Efficacy of Peritoneal Dialysis with Icodextrin in the Long-Term Treatment of Refractory Congestive Heart Failure

C. Basile*, D. Chimienti, A. Bruno, S. Cocola, P. Libutti, A. Teutonico and F. Cazzato

Division of Nephrology Miulli General Hospital Acquaviva delle Fonti, Italy

* e-mail: basile.miulli{at}libero.it

Editor:

Congestive heart failure (CHF), the end stage of many cardiac diseases, is a complex clinical syndrome characterized by the heart's inability to guarantee sufficient blood flow in order to satisfy the metabolic requirements of the organism. The estimated prevalence of CHF increases with ageing of the population and affects 1% of adults and 5% of people aged >65 years (1). Approximately 25% of patients hospitalized because of refractory CHF have chronic renal failure and most have arterial hypertension, diabetes mellitus, and coronary artery disease (2). It is estimated that 50% of patients affected by NYHA class IV CHF die (3,4).

The most important therapeutic aim in the treatment of CHF is resolution of the edematous state. Despite salt and water restriction and the use of aggressive drugs, such as diuretics, digitalis, angiotensin-converting enzyme (ACE) inhibitors, beta-blockers, and angiotensin receptor antagonists, resistance and refractoriness to therapy are often encountered. Therefore, in order to maintain the patient alive, it becomes necessary to replace kidney function with alternative treatments, such as peritoneal dialysis (PD), isolated ultrafiltration (UF), or continuous hemofiltration, with the objectives of correcting the hemodynamic state, reducing the symptoms of CHF, and returning to the previous renal function (guidelines of the American College of Cardiology and the American Heart Association) (5).
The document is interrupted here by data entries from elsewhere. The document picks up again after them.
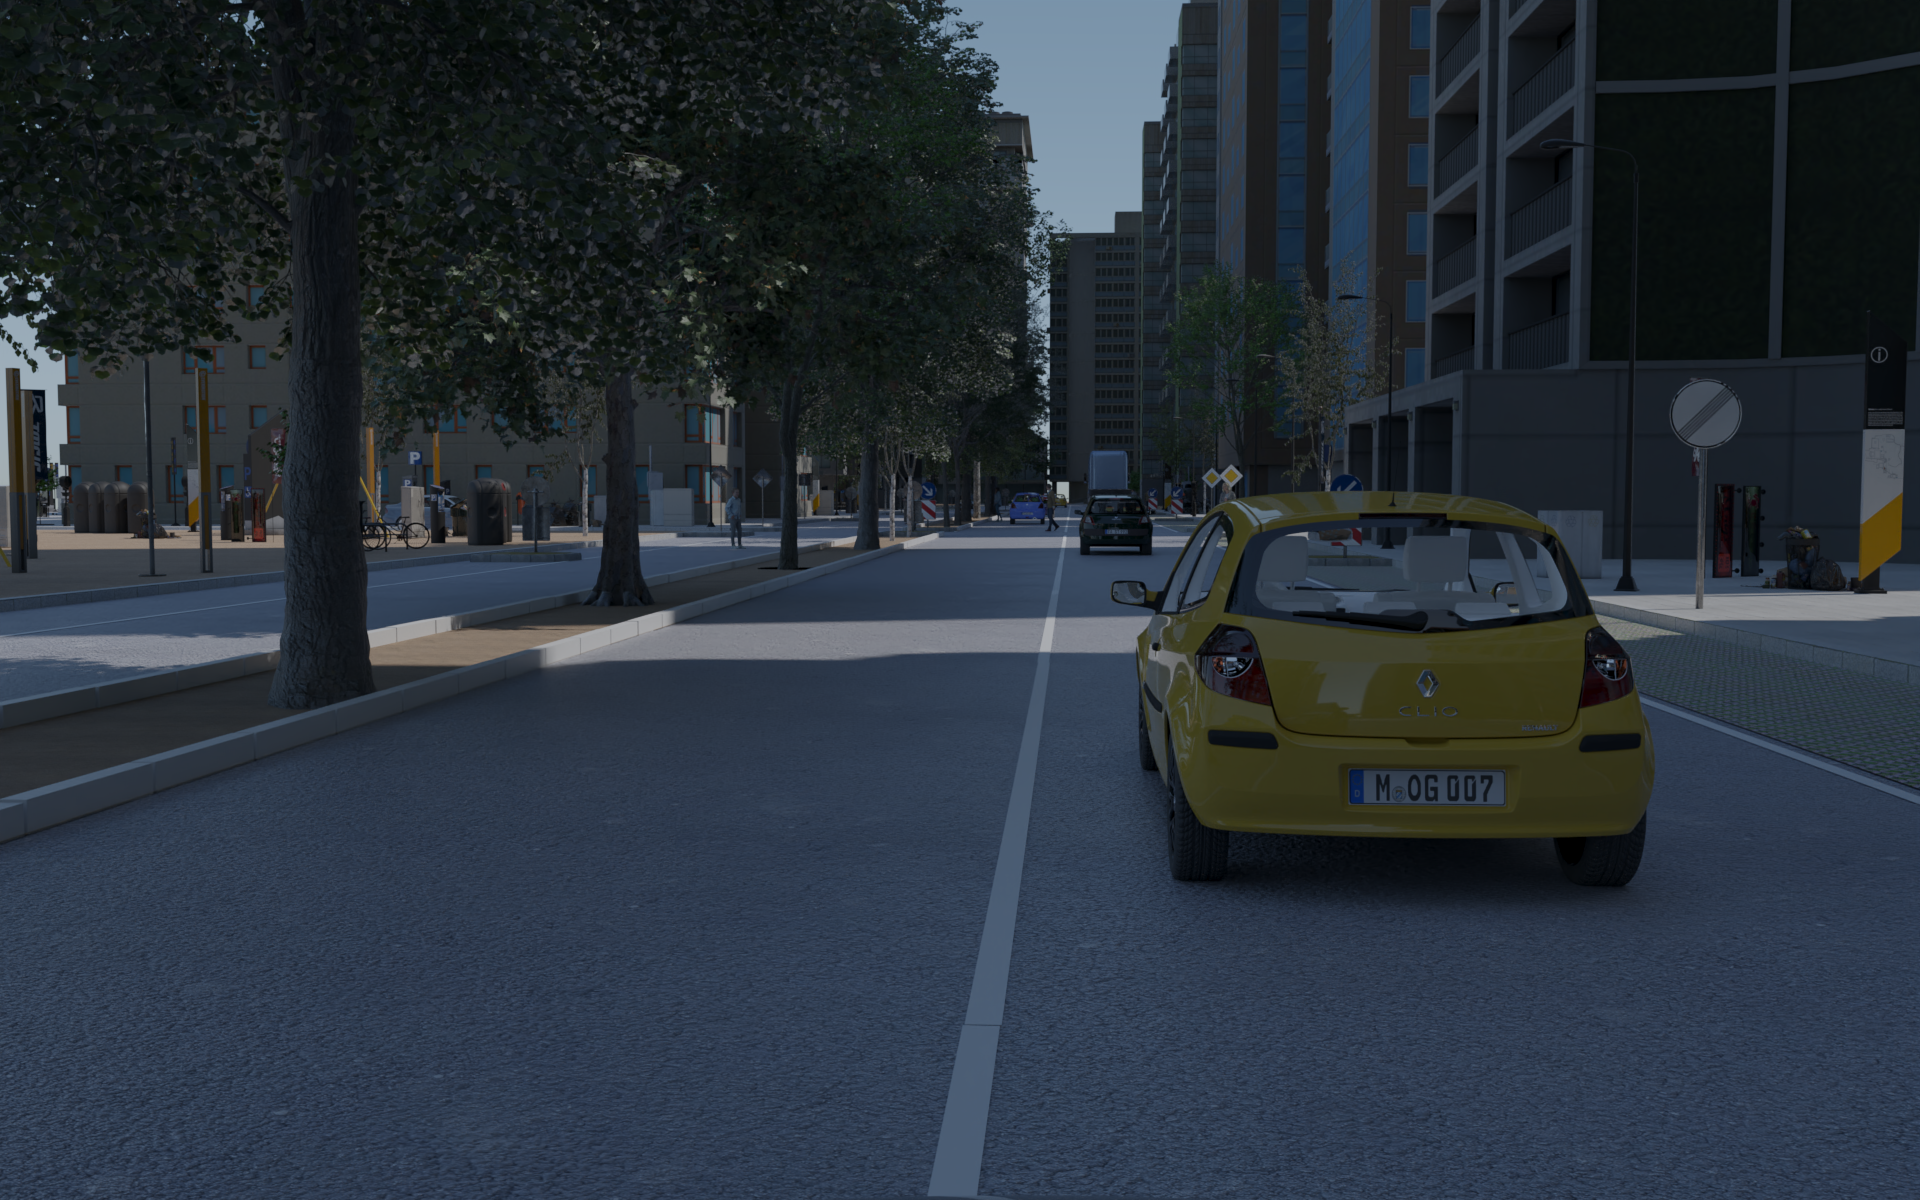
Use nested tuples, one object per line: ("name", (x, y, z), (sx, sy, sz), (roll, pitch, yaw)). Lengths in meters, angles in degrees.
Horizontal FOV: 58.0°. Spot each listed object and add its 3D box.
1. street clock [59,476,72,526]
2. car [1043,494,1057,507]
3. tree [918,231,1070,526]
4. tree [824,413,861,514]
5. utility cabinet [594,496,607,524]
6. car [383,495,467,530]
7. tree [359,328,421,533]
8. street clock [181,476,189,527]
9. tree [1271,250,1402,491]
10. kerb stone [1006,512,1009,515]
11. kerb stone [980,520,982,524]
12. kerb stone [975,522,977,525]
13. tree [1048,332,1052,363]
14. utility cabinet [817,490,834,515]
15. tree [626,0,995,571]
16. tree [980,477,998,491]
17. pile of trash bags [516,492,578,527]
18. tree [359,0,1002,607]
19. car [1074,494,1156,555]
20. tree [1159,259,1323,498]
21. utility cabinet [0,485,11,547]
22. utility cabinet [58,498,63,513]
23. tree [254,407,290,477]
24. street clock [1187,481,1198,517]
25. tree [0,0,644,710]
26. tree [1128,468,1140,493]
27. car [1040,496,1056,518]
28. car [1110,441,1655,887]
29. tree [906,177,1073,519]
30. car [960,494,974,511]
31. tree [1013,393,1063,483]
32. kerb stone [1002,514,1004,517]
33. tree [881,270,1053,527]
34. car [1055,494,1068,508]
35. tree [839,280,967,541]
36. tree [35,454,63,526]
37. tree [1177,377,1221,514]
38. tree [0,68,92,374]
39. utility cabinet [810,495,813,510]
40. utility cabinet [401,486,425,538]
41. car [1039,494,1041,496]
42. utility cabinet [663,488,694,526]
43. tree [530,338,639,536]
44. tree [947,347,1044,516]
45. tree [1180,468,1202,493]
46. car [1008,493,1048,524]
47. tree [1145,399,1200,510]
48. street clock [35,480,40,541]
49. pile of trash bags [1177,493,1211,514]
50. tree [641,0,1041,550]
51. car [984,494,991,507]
("street clock", (-35.388, -3.914, 68.569), (0.358, 2.002, 0.471), (1, 4, 11))
("car", (9.723, -11.027, 189.329), (2.155, 1.783, 4.494), (0, 4, 4))
("tree", (-0.088, -10.147, 78.738), (12.009, 13.543, 11.850), (0, 3, 0))
("tree", (-7.216, -9.900, 112.227), (4.737, 8.622, 4.395), (0, 3, 0))
("utility cabinet", (-14.556, -3.684, 71.396), (1.020, 1.237, 0.306), (0, 4, -7))
("car", (-18.994, -3.186, 64.091), (4.499, 1.417, 2.014), (0, 4, 3))
("tree", (-19.252, -6.540, 57.285), (4.360, 8.622, 3.978), (0, 3, 0))
("street clock", (-30.490, -3.903, 68.377), (0.358, 2.002, 0.471), (0, 4, 6))
("tree", (11.383, -6.293, 53.256), (4.360, 8.622, 3.978), (0, 3, 0))
("kerb stone", (2.987, -5.657, 114.691), (0.120, 0.150, 1.000), (0, 4, 4))
("kerb stone", (0.809, -3.585, 80.936), (0.120, 0.150, 1.000), (0, 4, 4))
("kerb stone", (0.542, -3.343, 76.846), (0.120, 0.150, 1.000), (0, 4, 4))
("tree", (0.284, -11.047, 89.735), (9.857, 13.997, 8.962), (0, 3, 0))
("utility cabinet", (-8.083, -5.778, 103.157), (1.173, 1.500, 0.318), (2, 4, 28))
("tree", (-3.139, -6.365, 32.277), (9.928, 11.665, 9.643), (0, 3, 0))
("tree", (2.599, -10.732, 128.284), (4.360, 8.622, 3.978), (0, 3, 0))
("pile of trash bags", (-16.745, -3.658, 69.566), (3.447, 1.369, 1.912), (3, 5, 41))
("tree", (-4.365, -6.279, 22.120), (9.611, 12.733, 9.660), (0, 3, 0))
("car", (3.772, -1.972, 42.036), (2.009, 1.686, 4.222), (0, 4, 4))
("tree", (12.518, -9.278, 77.449), (9.928, 11.665, 9.643), (0, 3, 0))
("utility cabinet", (-23.107, -2.016, 41.636), (1.173, 1.500, 0.318), (2, 4, 32))
("utility cabinet", (-62.371, -6.672, 120.243), (0.306, 1.237, 1.020), (-3, 5, -40))
("tree", (-12.435, -2.375, 33.432), (1.663, 3.219, 1.824), (0, 3, 0))
("street clock", (13.277, -5.722, 98.122), (0.358, 2.002, 0.471), (2, 4, 26))
("tree", (-4.337, -6.259, 11.454), (9.857, 13.997, 8.962), (0, 3, 0))
("tree", (22.342, -14.343, 218.216), (4.285, 4.588, 4.351), (0, 3, 0))
("car", (4.677, -5.463, 101.892), (1.945, 1.354, 3.894), (0, 4, 5))
("car", (1.702, 0.149, 7.792), (2.015, 1.641, 3.980), (0, 4, 3))
("tree", (-0.183, -14.836, 100.913), (12.611, 20.169, 13.585), (0, 3, 0))
("car", (0.674, -8.441, 147.793), (2.009, 1.686, 4.222), (0, 4, 2))
("tree", (2.354, -12.252, 119.777), (9.611, 12.733, 9.660), (0, 3, 0))
("kerb stone", (2.466, -5.153, 106.499), (0.120, 0.150, 1.000), (0, 4, 4))
("tree", (-0.470, -8.078, 68.945), (8.767, 10.594, 7.601), (0, 4, 4))
("car", (10.442, -10.574, 183.111), (2.015, 1.641, 3.980), (0, 4, 5))
("tree", (-1.666, -6.364, 56.865), (4.360, 8.622, 3.978), (0, 3, 0))
("tree", (-37.811, -4.667, 70.908), (1.663, 3.219, 1.824), (0, 3, 0))
("tree", (15.613, -9.679, 108.609), (4.360, 8.622, 3.978), (0, 3, 0))
("tree", (-12.948, -4.366, 21.743), (4.737, 8.622, 4.395), (0, 3, 0))
("utility cabinet", (-11.667, -7.906, 140.420), (1.020, 1.237, 0.306), (1, 4, 10))
("utility cabinet", (-15.819, -2.535, 50.132), (0.318, 1.500, 1.173), (0, 4, 0))
("car", (5.606, -7.473, 132.413), (2.015, 1.641, 3.980), (0, 4, 2))
("utility cabinet", (-11.091, -3.649, 68.347), (1.173, 1.500, 0.318), (1, 4, 12))
("tree", (-11.434, -6.247, 52.508), (4.360, 8.622, 3.978), (0, 3, 0))
("tree", (1.681, -11.657, 111.175), (7.486, 12.596, 7.792), (0, 3, 0))
("tree", (16.963, -8.101, 127.047), (1.663, 3.219, 1.824), (0, 3, 0))
("car", (3.252, -4.504, 83.224), (1.945, 1.707, 3.694), (0, 4, 3))
("tree", (16.570, -11.314, 135.346), (4.737, 8.622, 4.395), (0, 3, 0))
("street clock", (-25.033, -2.577, 46.696), (0.471, 2.002, 0.358), (0, 4, -6))
("pile of trash bags", (15.026, -6.282, 112.470), (1.912, 1.369, 3.447), (-1, 4, -22))
("tree", (-2.388, -8.263, 44.220), (9.857, 13.997, 8.962), (0, 3, 0))
("car", (3.610, -11.120, 191.593), (2.009, 1.686, 4.222), (0, 4, 3))

Here we describe our experience with long-term treatment of refractory CHF by means of PD with 7.5% icodextrin solutions (ICO; Extraneal; Baxter Healthcare SA, Castlebar, Ireland). We report 4 patients [all males; mean age 71.5 ± 5.6 (SD) years, range 64 – 77 years] with NYHA class IV CHF refractory to intensive drug therapy and with varying degrees of chronic renal failure predating the CHF. The causes of chronic renal failure were nephroangiosclerosis in 1 patient and diabetic nephropathy in the 3 other patients. The etiology of cardiac disease was secondary to pathology of the cardiac valves in 2 patients and secondary to ischemic and/or hypertensive cardiopathy in the 2 other patients (Table 1). All patients had a poor quality of life because of CHF symptoms (dyspnea, edema, asthenia) and frequent hospitalizations due to cardiac illnesses. Patients had received therapy with diuretics (4 patients), ACE inhibitors (4 patients), and digitalis (2 patients) and were followed with periodic cardiologic consultations, including electro- and echocardiograms to estimate the ejection fraction (EF). All patients had been in danger of imminent death due to water overload and refractoriness to conventional intensive treatment (furosemide 500 – 750 mg intravenously, spironolactone 50 – 100 mg orally, ACE-inhibitors, and digoxin). Three patients showed anasarca and acute renal failure requiring rescue extracorporeal UF and some hemodialysis sessions before implanting the peritoneal catheter and starting PD (5 sessions in Patient 1; 7 in Patient 3; 14 in Patient 4). The last patient (Patient 2) started with PD.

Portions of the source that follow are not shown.